Tornado includes an HTTP client as well, to fetch files from other servers. I found a number of examples of how to use it, but all of them would fetch the entire item and return it in a callback. I plan to fetch some rather large multi-megabyte files, and don't see a reason to hold them entirely in memory. Here is an example of how to get partial updates as the download progresses: pass in a streaming_callback to the HTTPRequest().
The streaming_callback will be called for each chunk of data from the server. 4 KBytes is a common chunk size.
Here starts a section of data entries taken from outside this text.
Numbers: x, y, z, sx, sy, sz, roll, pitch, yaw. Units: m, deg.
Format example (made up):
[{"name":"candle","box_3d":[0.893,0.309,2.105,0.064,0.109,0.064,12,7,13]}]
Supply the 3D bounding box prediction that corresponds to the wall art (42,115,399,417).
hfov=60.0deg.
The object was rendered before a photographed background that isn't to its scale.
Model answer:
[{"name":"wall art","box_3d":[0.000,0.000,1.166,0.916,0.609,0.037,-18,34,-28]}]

The async_callback will be called when the file has been fully fetched; the response.data will be empty
#!/usr/bin/python
import os
import tempfile
import tornado.httpclient
import tornado.ioloop
class HttpDownload(object):
def __init__(self, url, ioloop):
self.ioloop = ioloop
self.tempfile = tempfile.NamedTemporaryFile(delete=False)
req = tornado.httpclient.HTTPRequest(
url = url,
streaming_callback = self.streaming_callback)
http_client = tornado.httpclient.AsyncHTTPClient()
http_client.fetch(req, self.async_callback)
def streaming_callback(self, data):
self.tempfile.write(data)
def async_callback(self, response):
self.tempfile.flush()
self.tempfile.close()
if response.error:
print "Failed"
os.unlink(self.tempfile.name)
else:
print("Success: %s" % self.tempfile.name)
self.ioloop.stop()
def main():
ioloop = tornado.ioloop.IOLoop.instance()
dl = HttpDownload("http://codingrelic.geekhold.com/", ioloop)
ioloop.start()
if __name__ == '__main__':
main()
I'm mostly blogging this for my own future use, to be able to find how to do something I remember doing before. There you go, future me.